Activity |
Produce a verbatim copy of the data below that contains no pictures.

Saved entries

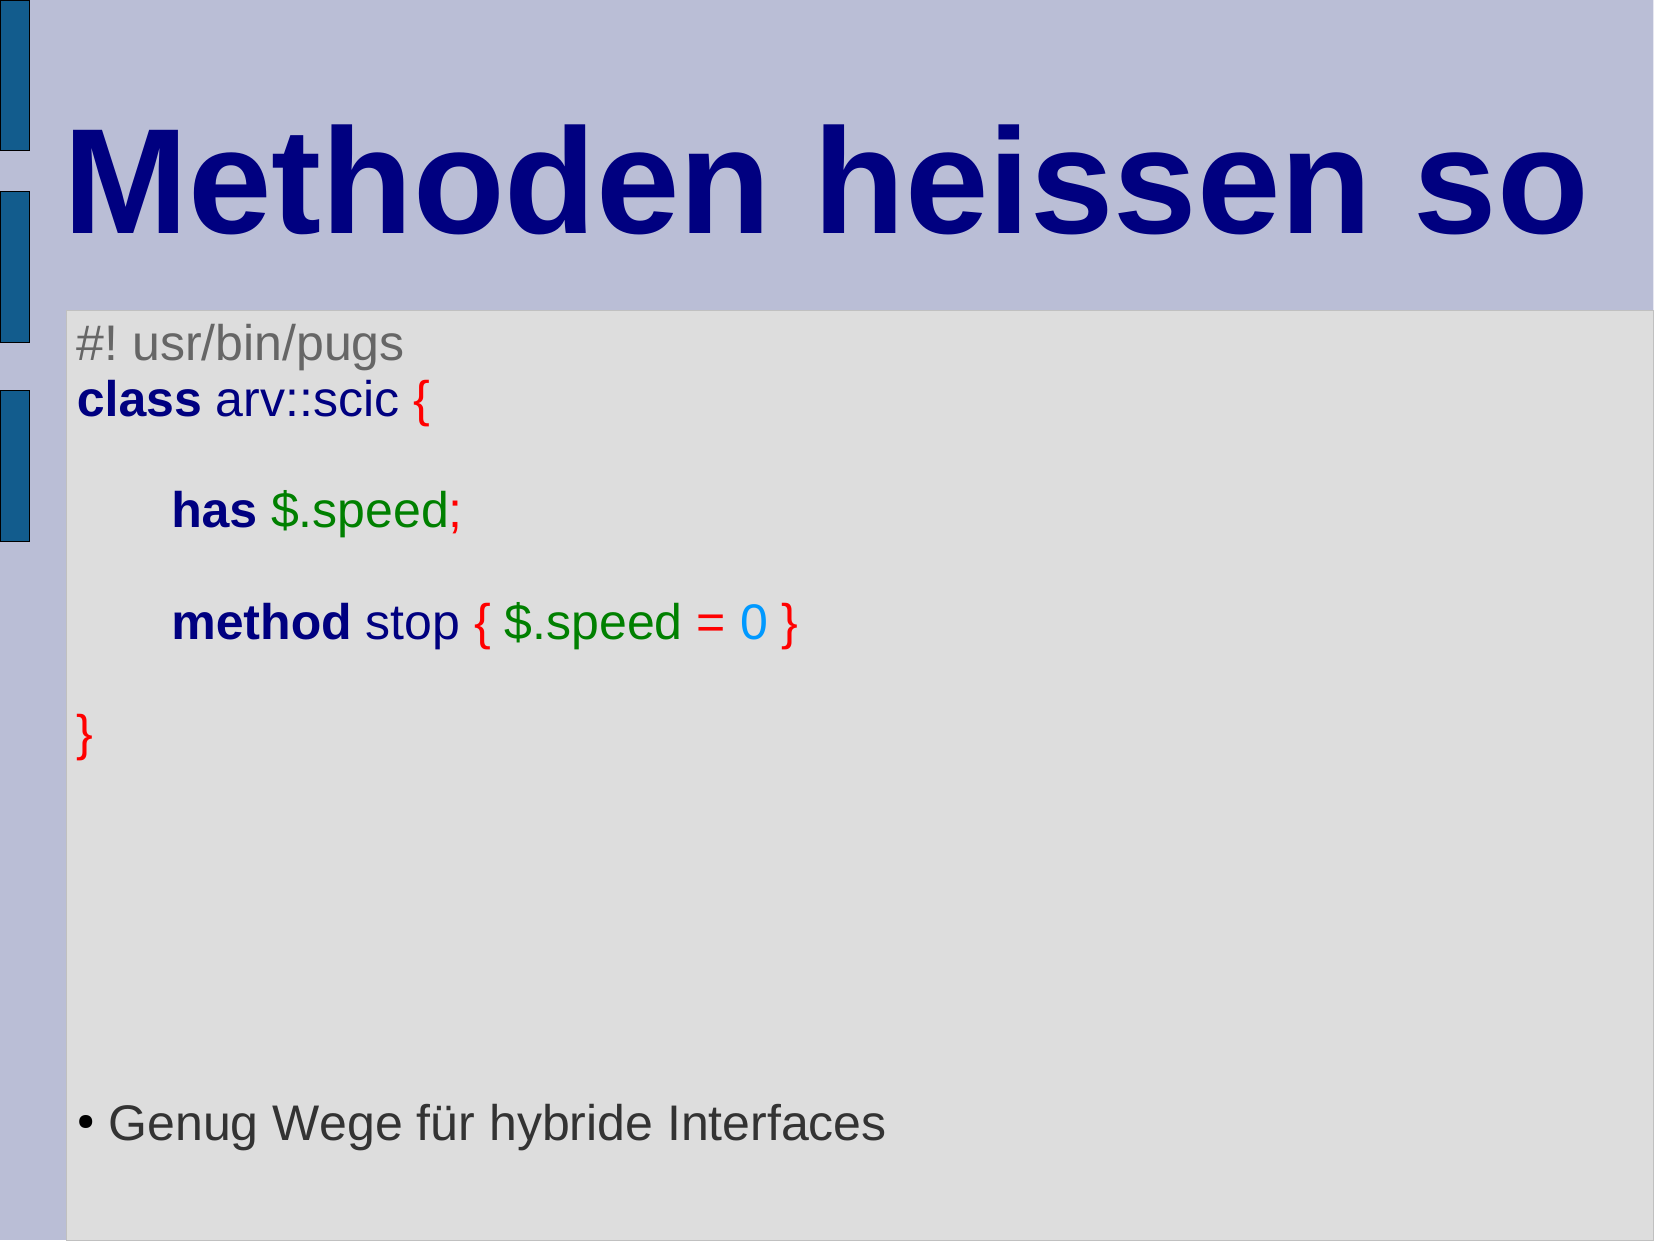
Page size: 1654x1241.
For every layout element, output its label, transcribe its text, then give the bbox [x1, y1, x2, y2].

list #! usr/bin/pugs class arv::scic { has $.speed; method stop { $.speed = 0 } } Genug Wege für hybride Interfaces [76, 315, 1654, 1182]
title Methoden heissen so [59, 78, 1595, 286]
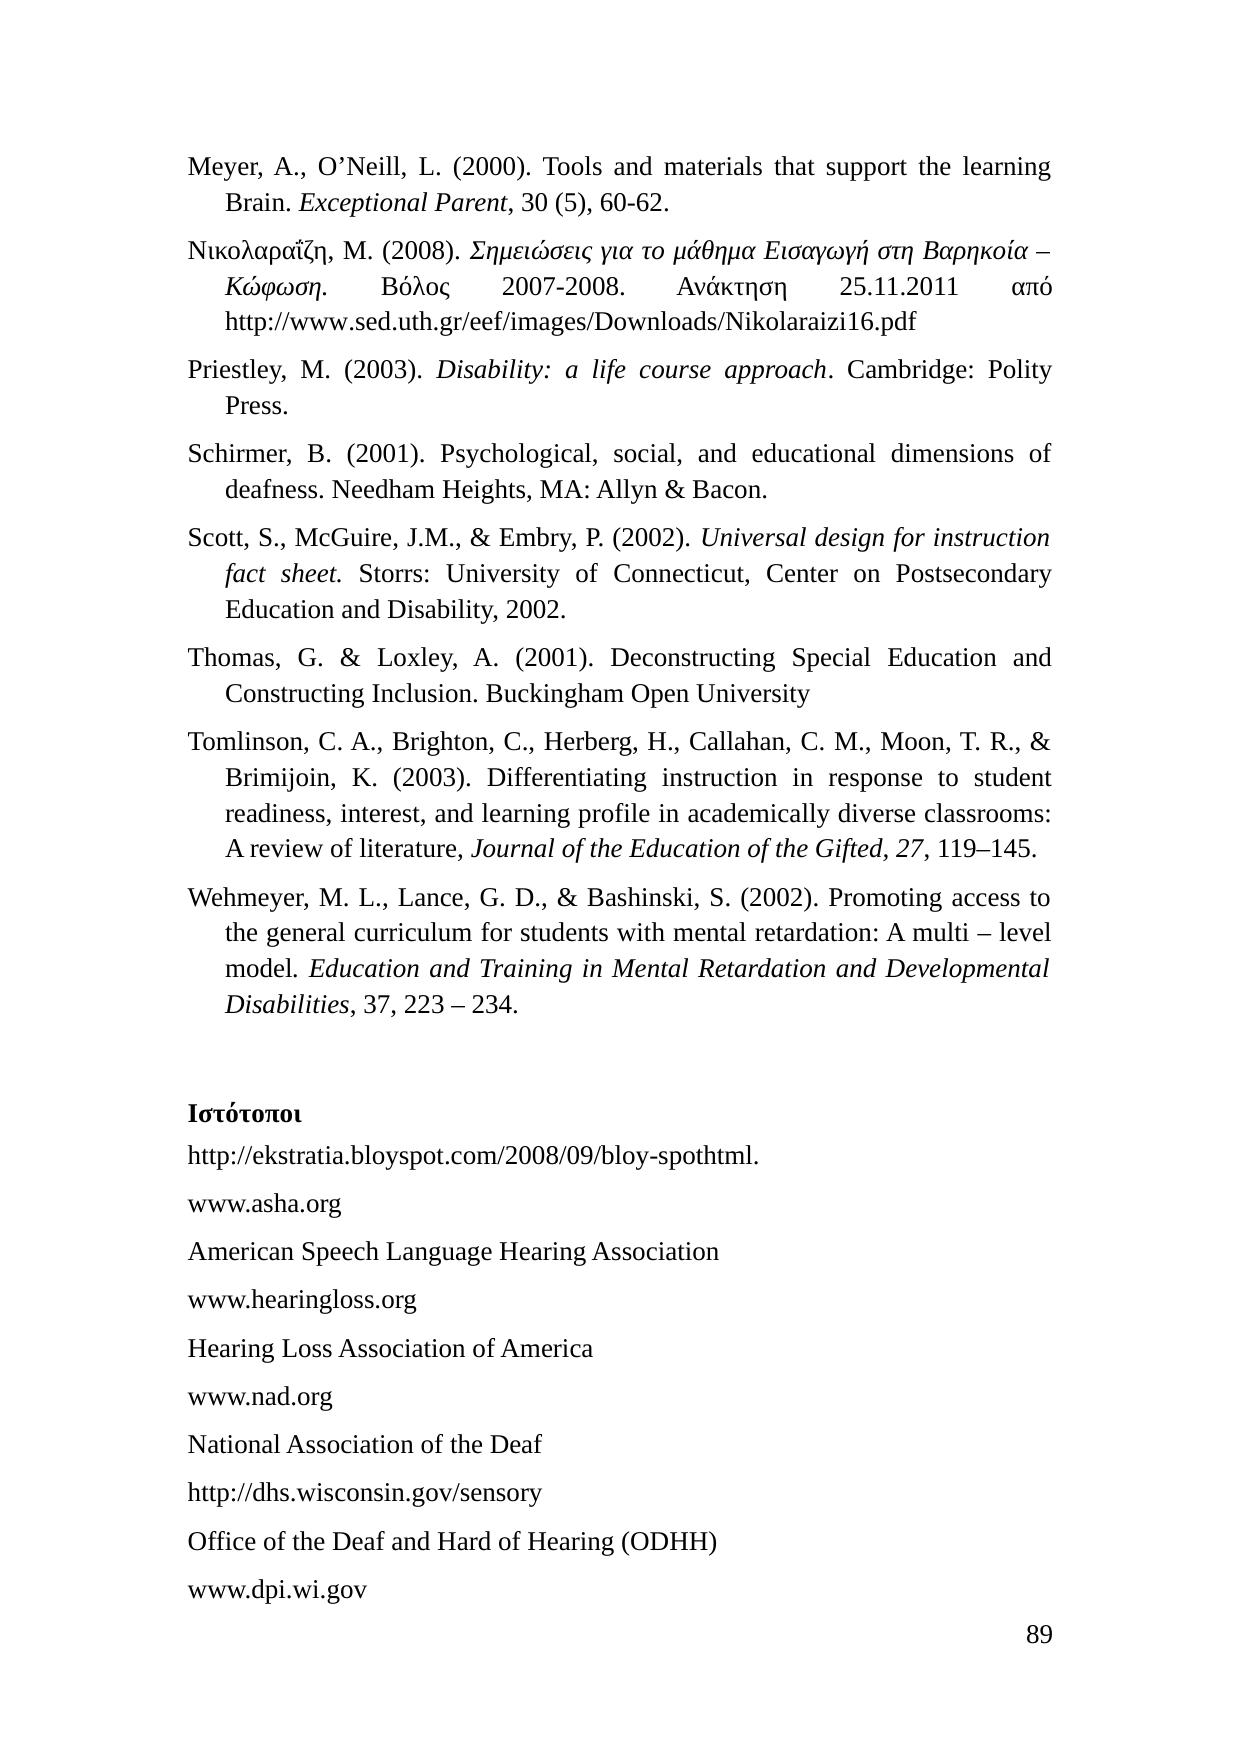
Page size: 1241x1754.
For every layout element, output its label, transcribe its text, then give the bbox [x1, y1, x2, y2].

text Scott, S., McGuire, J.M., & Embry, P. (2002). Universal design for instruction fact sheet. Storrs: University of Connecticut, Center on Postsecondary Education and Disability, 2002. [187, 522, 1053, 624]
text Thomas, G. & Loxley, A. (2001). Deconstructing Special Education and Constructing Inclusion. Buckingham Open University [187, 641, 1053, 708]
text http://dhs.wisconsin.gov/sensory [187, 1476, 1053, 1507]
text American Speech Language Hearing Association [187, 1235, 1053, 1266]
text www.hearingloss.org [187, 1283, 1053, 1314]
text http://ekstratia.bloyspot.com/2008/09/bloy-spothtml. [187, 1139, 1053, 1170]
subtitle Ιστότοποι [187, 1097, 1053, 1128]
text www.nad.org [187, 1380, 1053, 1411]
text National Association of the Deaf [187, 1428, 1053, 1459]
text Hearing Loss Association of America [187, 1332, 1053, 1363]
text www.asha.org [187, 1187, 1053, 1218]
text Tomlinson, C. A., Brighton, C., Herberg, H., Callahan, C. M., Moon, T. R., & Brimijoin, K. (2003). Differentiating instruction in response to student readiness, interest, and learning profile in academically diverse classrooms: A review of literature, Journal of the Education of the Gifted, 27, 119–145. [187, 725, 1053, 863]
text Wehmeyer, M. L., Lance, G. D., & Bashinski, S. (2002). Promoting access to the general curriculum for students with mental retardation: A multi – level model. Education and Training in Mental Retardation and Developmental Disabilities, 37, 223 – 234. [187, 881, 1053, 1019]
text Meyer, A., O’Neill, L. (2000). Tools and materials that support the learning Brain. Exceptional Parent, 30 (5), 60-62. [187, 150, 1053, 217]
text Office of the Deaf and Hard of Hearing (ODHH) [187, 1524, 1053, 1556]
text www.dpi.wi.gov [187, 1573, 1053, 1604]
text Schirmer, B. (2001). Psychological, social, and educational dimensions of deafness. Needham Heights, MA: Allyn & Bacon. [187, 438, 1053, 504]
text Priestley, M. (2003). Disability: a life course approach. Cambridge: Polity Press. [187, 354, 1053, 421]
text Νικολαραΐζη, Μ. (2008). Σημειώσεις για το μάθημα Εισαγωγή στη Βαρηκοία – Κώφωση. Βόλος 2007-2008. Ανάκτηση 25.11.2011 από http://www.sed.uth.gr/eef/images/Downloads/Nikolaraizi16.pdf [187, 234, 1053, 337]
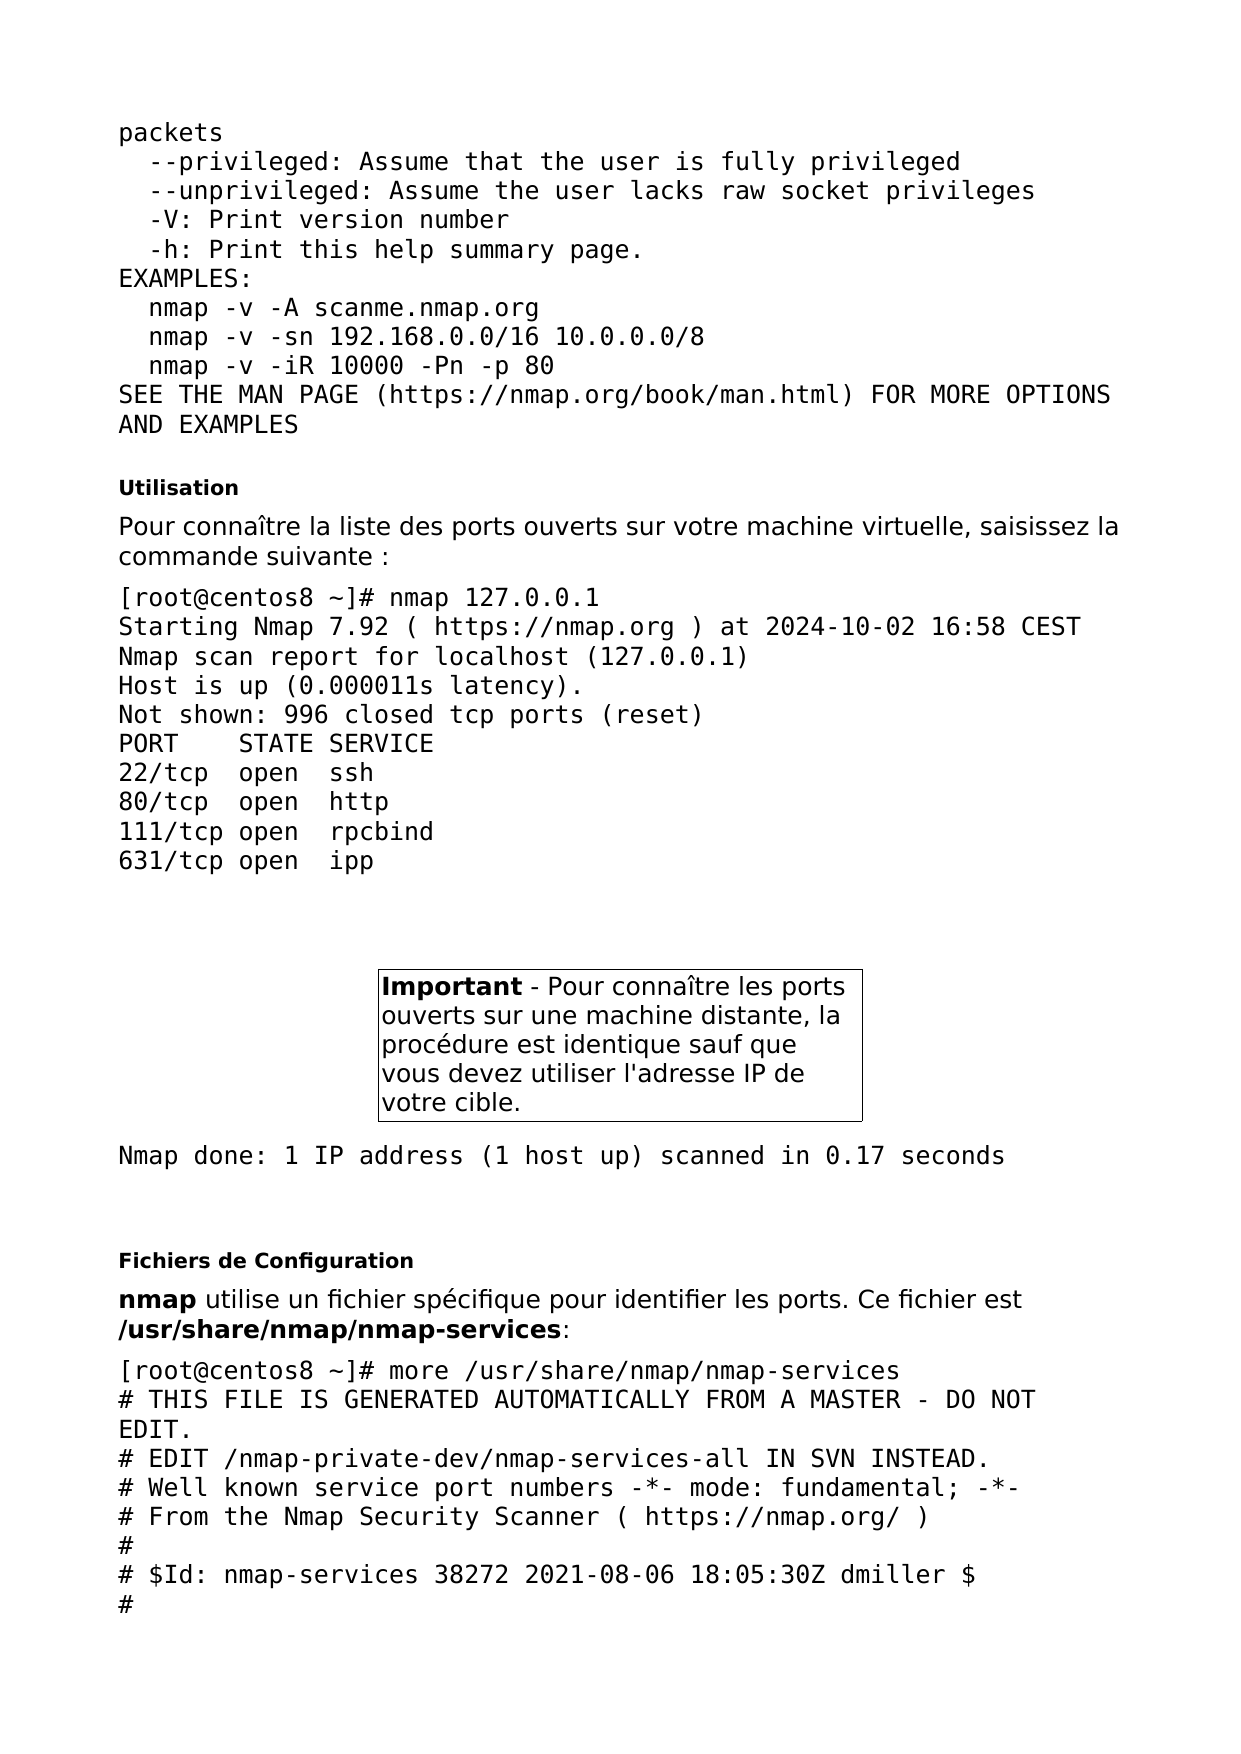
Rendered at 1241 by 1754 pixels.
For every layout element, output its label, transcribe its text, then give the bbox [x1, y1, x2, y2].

text packets --privileged: Assume that the user is fully privileged --unprivileged: Assume the user lacks raw socket privileges -V: Print version number -h: Print this help summary page. EXAMPLES: nmap -v -A scanme.nmap.org nmap -v -sn 192.168.0.0/16 10.0.0.0/8 nmap -v -iR 10000 -Pn -p 80 SEE THE MAN PAGE (https://nmap.org/book/man.html) FOR MORE OPTIONS AND EXAMPLES [118, 118, 1122, 439]
subtitle Utilisation [118, 476, 1122, 500]
table_header Important - Pour connaître les ports ouverts sur une machine distante, la procédure est identique sauf que vous devez utiliser l'adresse IP de votre cible. [379, 970, 862, 1121]
text Pour connaître la liste des ports ouverts sur votre machine virtuelle, saisissez la commande suivante : [118, 512, 1122, 571]
subtitle Fichiers de Configuration [118, 1249, 1122, 1273]
text nmap utilise un fichier spécifique pour identifier les ports. Ce fichier est /usr/share/nmap/nmap-services: [118, 1286, 1122, 1344]
text [root@centos8 ~]# more /usr/share/nmap/nmap-services # THIS FILE IS GENERATED AUTOMATICALLY FROM A MASTER - DO NOT EDIT. # EDIT /nmap-private-dev/nmap-services-all IN SVN INSTEAD. # Well known service port numbers -*- mode: fundamental; -*- # From the Nmap Security Scanner ( https://nmap.org/ ) # # $Id: nmap-services 38272 2021-08-06 18:05:30Z dmiller $ # [118, 1357, 1122, 1619]
text [root@centos8 ~]# nmap 127.0.0.1 Starting Nmap 7.92 ( https://nmap.org ) at 2024-10-02 16:58 CEST Nmap scan report for localhost (127.0.0.1) Host is up (0.000011s latency). Not shown: 996 closed tcp ports (reset) PORT STATE SERVICE 22/tcp open ssh 80/tcp open http 111/tcp open rpcbind 631/tcp open ipp Nmap done: 1 IP address (1 host up) scanned in 0.17 seconds [118, 583, 1122, 1171]

Response |
Page size: 1654x1241.
For every layout element, output its label, transcribe its text, then give the bbox [x1, y1, x2, y2].

list #! usr/bin/pugs class arv::scic { has $.speed; method stop { $.speed = 0 } } Genug Wege für hybride Interfaces [76, 315, 1654, 1182]
title Methoden heissen so [59, 78, 1595, 286]
Page size: 1241x1754.
For every layout element, output its label, transcribe its text, then give the bbox [x1, y1, x2, y2].

text Scott, S., McGuire, J.M., & Embry, P. (2002). Universal design for instruction fact sheet. Storrs: University of Connecticut, Center on Postsecondary Education and Disability, 2002. [187, 522, 1053, 624]
text Thomas, G. & Loxley, A. (2001). Deconstructing Special Education and Constructing Inclusion. Buckingham Open University [187, 641, 1053, 708]
text http://dhs.wisconsin.gov/sensory [187, 1476, 1053, 1507]
text American Speech Language Hearing Association [187, 1235, 1053, 1266]
text www.hearingloss.org [187, 1283, 1053, 1314]
text http://ekstratia.bloyspot.com/2008/09/bloy-spothtml. [187, 1139, 1053, 1170]
subtitle Ιστότοποι [187, 1097, 1053, 1128]
text www.nad.org [187, 1380, 1053, 1411]
text National Association of the Deaf [187, 1428, 1053, 1459]
text Hearing Loss Association of America [187, 1332, 1053, 1363]
text www.asha.org [187, 1187, 1053, 1218]
text Tomlinson, C. A., Brighton, C., Herberg, H., Callahan, C. M., Moon, T. R., & Brimijoin, K. (2003). Differentiating instruction in response to student readiness, interest, and learning profile in academically diverse classrooms: A review of literature, Journal of the Education of the Gifted, 27, 119–145. [187, 725, 1053, 863]
text Wehmeyer, M. L., Lance, G. D., & Bashinski, S. (2002). Promoting access to the general curriculum for students with mental retardation: A multi – level model. Education and Training in Mental Retardation and Developmental Disabilities, 37, 223 – 234. [187, 881, 1053, 1019]
text Meyer, A., O’Neill, L. (2000). Tools and materials that support the learning Brain. Exceptional Parent, 30 (5), 60-62. [187, 150, 1053, 217]
text Office of the Deaf and Hard of Hearing (ODHH) [187, 1524, 1053, 1556]
text www.dpi.wi.gov [187, 1573, 1053, 1604]
text Schirmer, B. (2001). Psychological, social, and educational dimensions of deafness. Needham Heights, MA: Allyn & Bacon. [187, 438, 1053, 504]
text Priestley, M. (2003). Disability: a life course approach. Cambridge: Polity Press. [187, 354, 1053, 421]
text Νικολαραΐζη, Μ. (2008). Σημειώσεις για το μάθημα Εισαγωγή στη Βαρηκοία – Κώφωση. Βόλος 2007-2008. Ανάκτηση 25.11.2011 από http://www.sed.uth.gr/eef/images/Downloads/Nikolaraizi16.pdf [187, 234, 1053, 337]
Rendered at 1241 by 1754 pixels.
For every layout element, output its label, transcribe its text, then give the bbox [x1, y1, x2, y2].

text packets --privileged: Assume that the user is fully privileged --unprivileged: Assume the user lacks raw socket privileges -V: Print version number -h: Print this help summary page. EXAMPLES: nmap -v -A scanme.nmap.org nmap -v -sn 192.168.0.0/16 10.0.0.0/8 nmap -v -iR 10000 -Pn -p 80 SEE THE MAN PAGE (https://nmap.org/book/man.html) FOR MORE OPTIONS AND EXAMPLES [118, 118, 1122, 439]
subtitle Utilisation [118, 476, 1122, 500]
table_header Important - Pour connaître les ports ouverts sur une machine distante, la procédure est identique sauf que vous devez utiliser l'adresse IP de votre cible. [379, 970, 862, 1121]
text Pour connaître la liste des ports ouverts sur votre machine virtuelle, saisissez la commande suivante : [118, 512, 1122, 571]
subtitle Fichiers de Configuration [118, 1249, 1122, 1273]
text nmap utilise un fichier spécifique pour identifier les ports. Ce fichier est /usr/share/nmap/nmap-services: [118, 1286, 1122, 1344]
text [root@centos8 ~]# more /usr/share/nmap/nmap-services # THIS FILE IS GENERATED AUTOMATICALLY FROM A MASTER - DO NOT EDIT. # EDIT /nmap-private-dev/nmap-services-all IN SVN INSTEAD. # Well known service port numbers -*- mode: fundamental; -*- # From the Nmap Security Scanner ( https://nmap.org/ ) # # $Id: nmap-services 38272 2021-08-06 18:05:30Z dmiller $ # [118, 1357, 1122, 1619]
text [root@centos8 ~]# nmap 127.0.0.1 Starting Nmap 7.92 ( https://nmap.org ) at 2024-10-02 16:58 CEST Nmap scan report for localhost (127.0.0.1) Host is up (0.000011s latency). Not shown: 996 closed tcp ports (reset) PORT STATE SERVICE 22/tcp open ssh 80/tcp open http 111/tcp open rpcbind 631/tcp open ipp Nmap done: 1 IP address (1 host up) scanned in 0.17 seconds [118, 583, 1122, 1171]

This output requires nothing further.